宋虔之笑着示意汪藻国去看开得正好的一树腊梅,蹬去鞋底的雪,避而不答“重审”一事,似是而非地说了一句:“这几日雪下得真大,昨日停了一个时辰,又来了。希望下到除夕就别再下了,雪过无痕,汪大人说是不是?”
汪藻国眼皮跳了跳,转过头去,从囚室到堂屋不到百米的青石路,竟像望不到头。
☆、楼江月(叁)
偌大的承元殿开着窗,寒风夹着细雪卷进大殿,穿堂而过,扬起殿内垂挂的纱帘。
孙秀领着两名太监进来,身后的太监各自抱着齐平下巴的奏疏,亦步亦趋地小心跟着孙秀。
“我的皇上主子,您怎么又开窗了,外面下雪,别冻出病来。”孙秀连忙让内殿侍奉的宫女去关窗户的关窗户。
承元殿布着地龙,倒不太冷。
坐在紫檀木大桌后的年轻人,只有二十三岁,正是十六岁就登基做皇帝的苻明韶,他一脸神情恹恹地缩在椅中,出奇的瘦弱,眼神一动不动望着飘飞的纱帘。
两个小太监将奏疏放好,殿内当值的宫女太监就都退了出去,只留下孙秀,站在桌旁为苻明韶研墨,他手上动作很快,加入清水,眼神不偏不倚。
苻明韶翻开第一本奏疏。
“秘书省在审那个汪藻国了?”苻明韶嗓音带着些许沙哑。
“一早秘书监便领着少监去提人,应当是在审了。”孙秀低着眉,右手磨得更快。
“昨日朕没见宋虔之,他可说什么了?”
孙秀一笑:“小侯爷从外省赶回来,急着给皇上您问案子,在迎春园等了一下午,就是说了几句不知道这个秘书监大人上哪儿去了,半天不露脸。”

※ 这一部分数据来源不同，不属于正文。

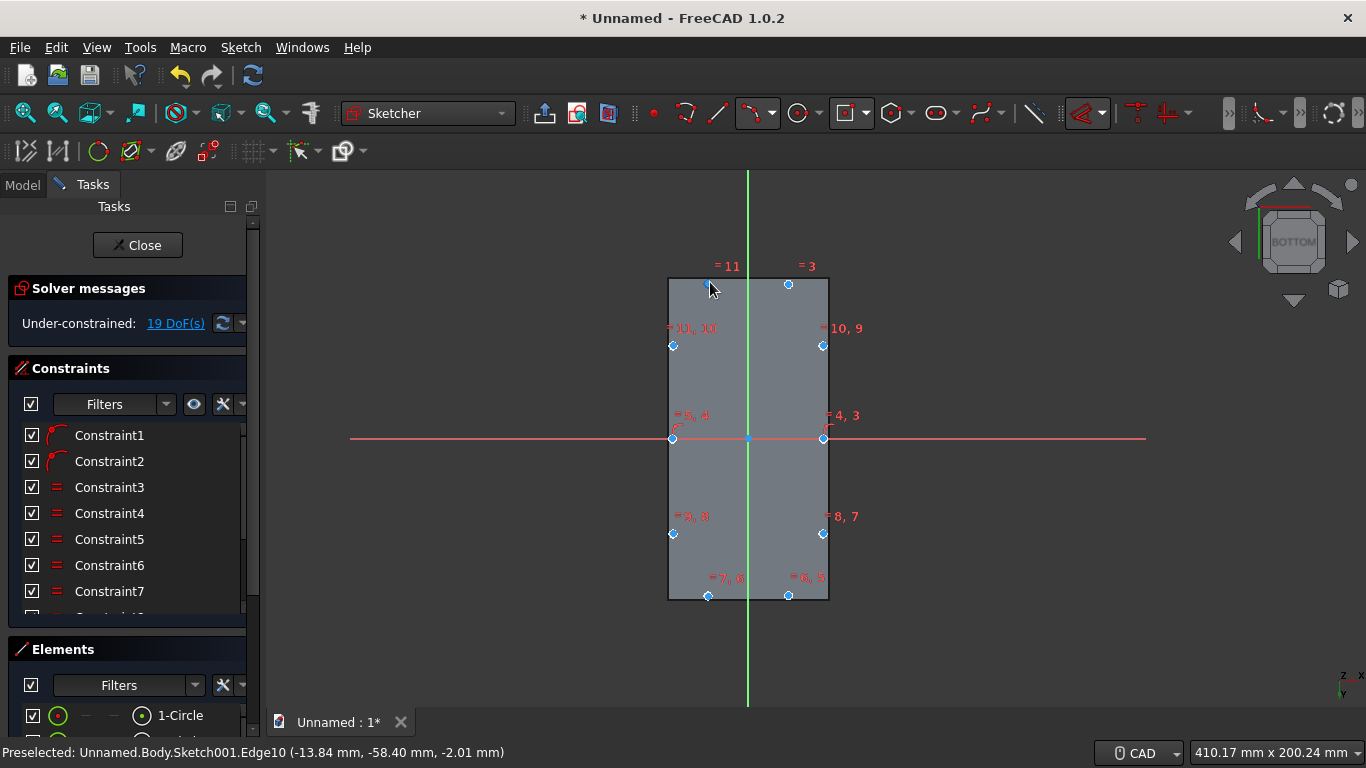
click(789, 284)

苻明韶竖起耳朵,斜乜一眼满脸是笑的孙秀,心里涌起厌烦,脸上没什么特别的表情。
“他就没抱怨朕?”
孙秀眼珠动了动,露出仔细思索的模样。
“没有,真没有,小侯爷那性子,主子您还不清楚么?”孙秀垂下眼,特意不去看皇帝的表情,认真研墨,“不过太后跟前的蒋公公叫小侯爷去太后宫里用晚膳,小侯爷也没去。”
苻明韶冷笑一声。
“想是在安定侯府吃惯了山珍海味,吃不惯宫里的猪食。”
“扑通”一声孙秀忙跪在地上请罪。
苻明韶见烦了他这个样,也没像往日那样叫他起来,而是再度盯着飞扬的纱帘发起呆来,那纱扬起在半空,又翻卷着徐徐落下,宛如一个婀娜少女在翩翩起舞。
苻明韶伸手拨了一下笔架上用红绳拴着的一把半个巴掌长短的木刀,侧着头,想起了衢州。衢州是个出佳人才子的地方,苻明韶的皇后,也是衢州人,父亲是衢州太守,算大楚开国以来,出身最贫寒的皇后。

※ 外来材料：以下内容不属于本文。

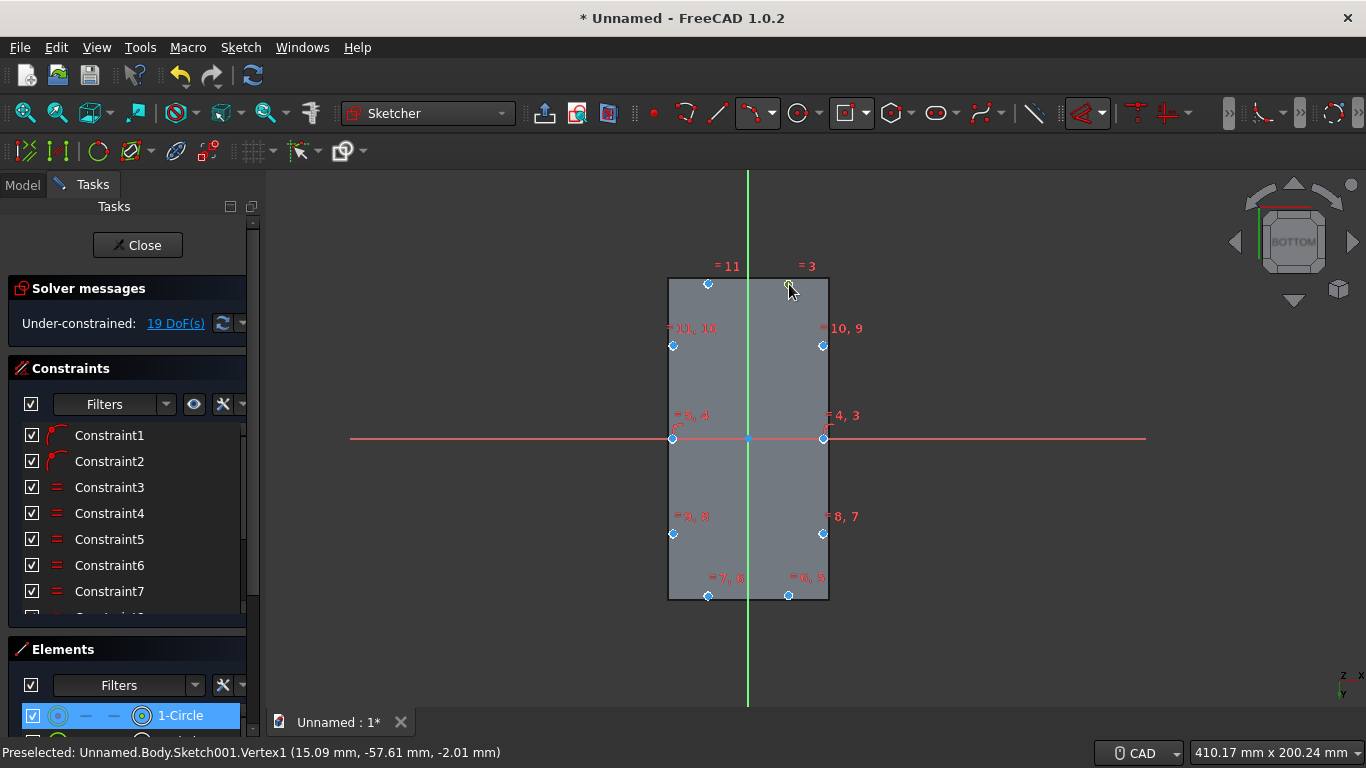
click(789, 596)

上个月太医给皇后把出了喜脉,这是苻明韶盼了快七年的孩子,他却不觉得怎么高兴。兴许他盼望的事情总是失望,突然有一件成真,反倒显得不那么真实。当宫人来报,苻明韶突然想起他那个学兄,想起那个蝉鸣吵得人心烦的夏日,他们在河边洗澡,学兄泼了他一身的水,两人都那样狼狈,又那样快乐。